Figure 1. Asylum Denial Rates in Immigration
Courts (see larger view, details)
The odds of an asylum claim being denied in Immigration Court have been rising. After reaching a historic low of only 44.5 percent turned down in FY 2012, the asylum denial rate rose to 47.2 percent in FY 2013 and has reached 50.2 percent during the first nine months of FY 2014. While this rate is higher than it has been since FY 2009, it is still much lower than ten years ago when almost two out of three (62.6%) individuals seeking asylum lost their cases (see Figure 1).

The number of asylum cases decided by Immigration Judges has fallen from a high-water mark of 35,782 cases in FY 2003. By FY 2010, that number had dropped precipitously to just 19,445. In the following year the count rebounded slightly, reaching 22,040. Since then, however, the number of immigration asylum cases being heard in Immigration Court has declined: during FY 2013 there were 20,941 cases decided, and the pace during FY 2014 has been slightly lower still[1] (see table: Asylum Decisions in Immigration Courts).

These latest Immigration Court numbers are based on case-by-case information obtained by TRAC under the Freedom of Information Act from the Executive Office for Immigration Review (EOIR).

Judge-by-Judge Asylum Decisions: New Reports Released

TRAC's report series on asylum decisions for each Immigration Judge[2] has been updated through the first nine months of FY 2014. As in the past, whether an individual request for asylum is approved or denied is still heavily dependent upon the judge who was assigned to decide the case.
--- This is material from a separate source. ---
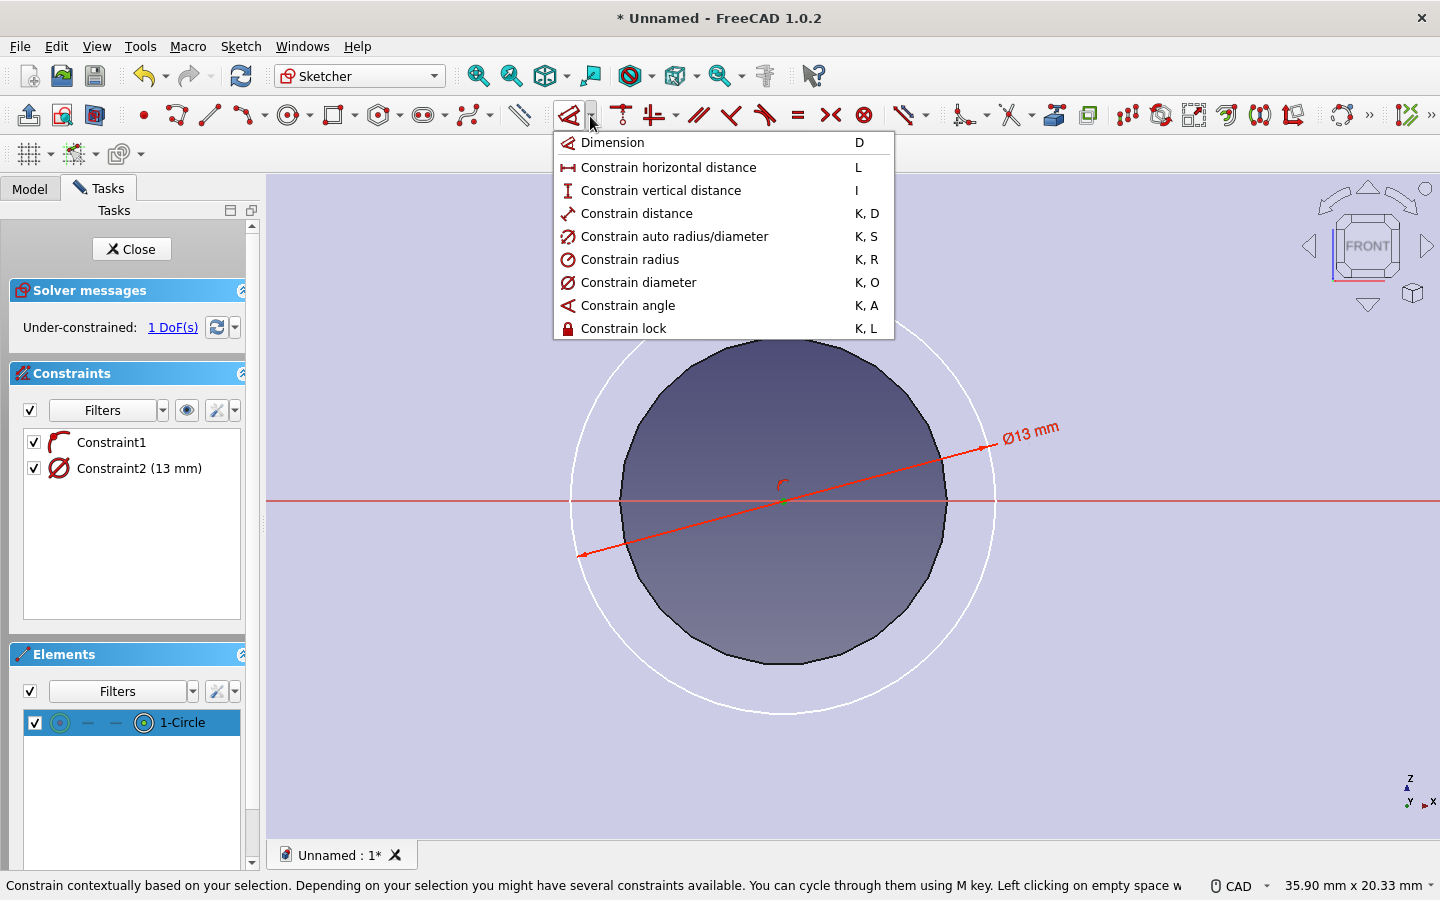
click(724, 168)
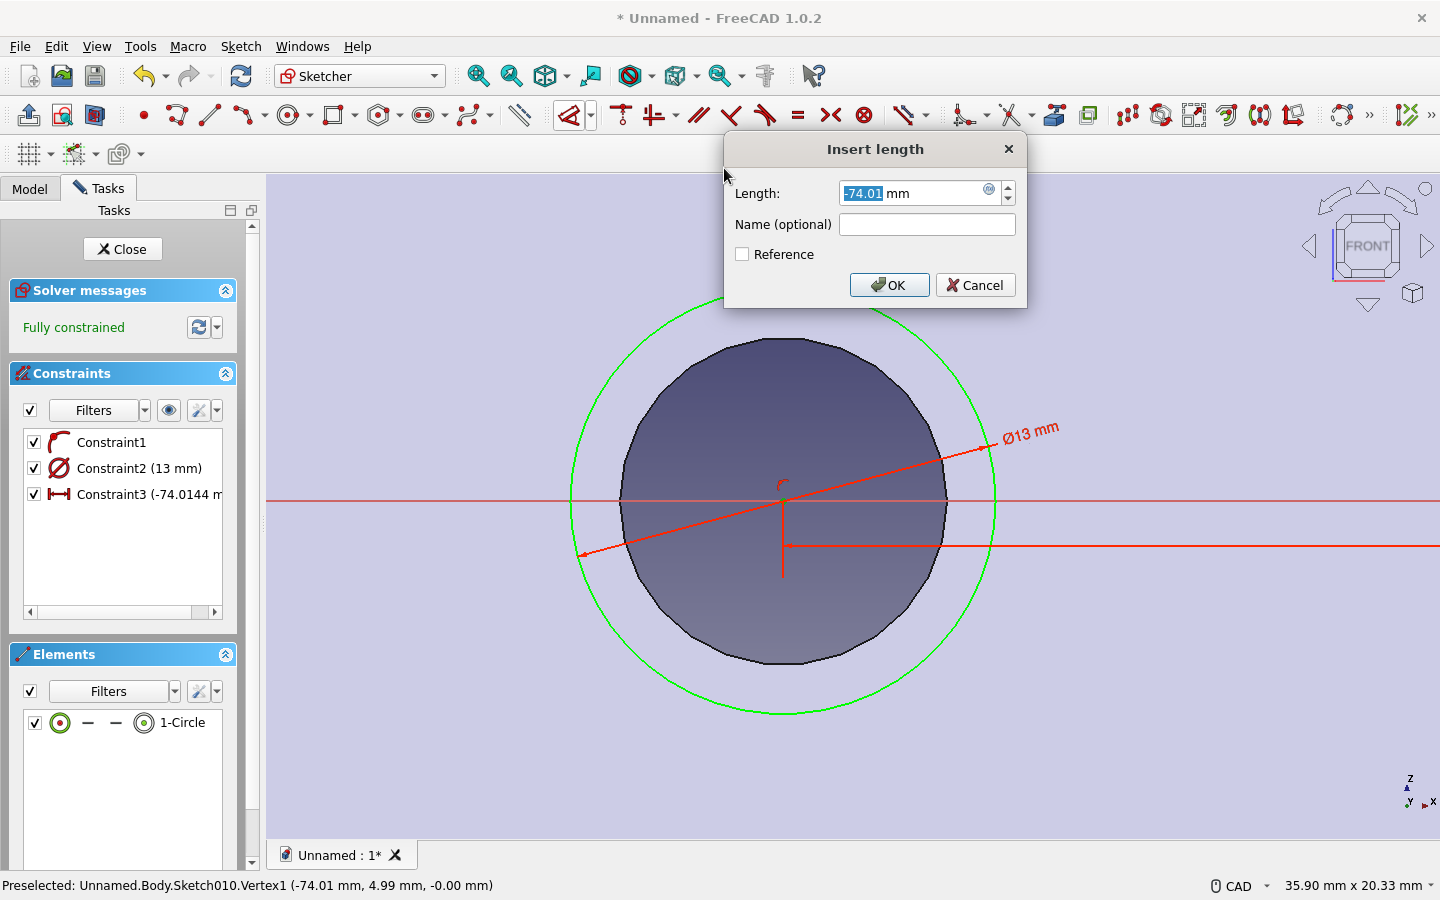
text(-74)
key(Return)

The 2014 reports on each individual Immigration Judge, with year-by-year denial rates and current comparative rankings, can be viewed at TRAC's judge-by-judge menu page.

An overview of judge asylum rates court-by-court, based upon each judge's report, is listed in this appendix: Judge-by-Judge Asylum Decisions in Immigration Courts.

[1]These counts represent all asylum decisions made in a given year, and include asylum decisions made after an appeal and remand.

[2]To be included in this series, a judge must have made at least 100 asylum decisions during the reporting period.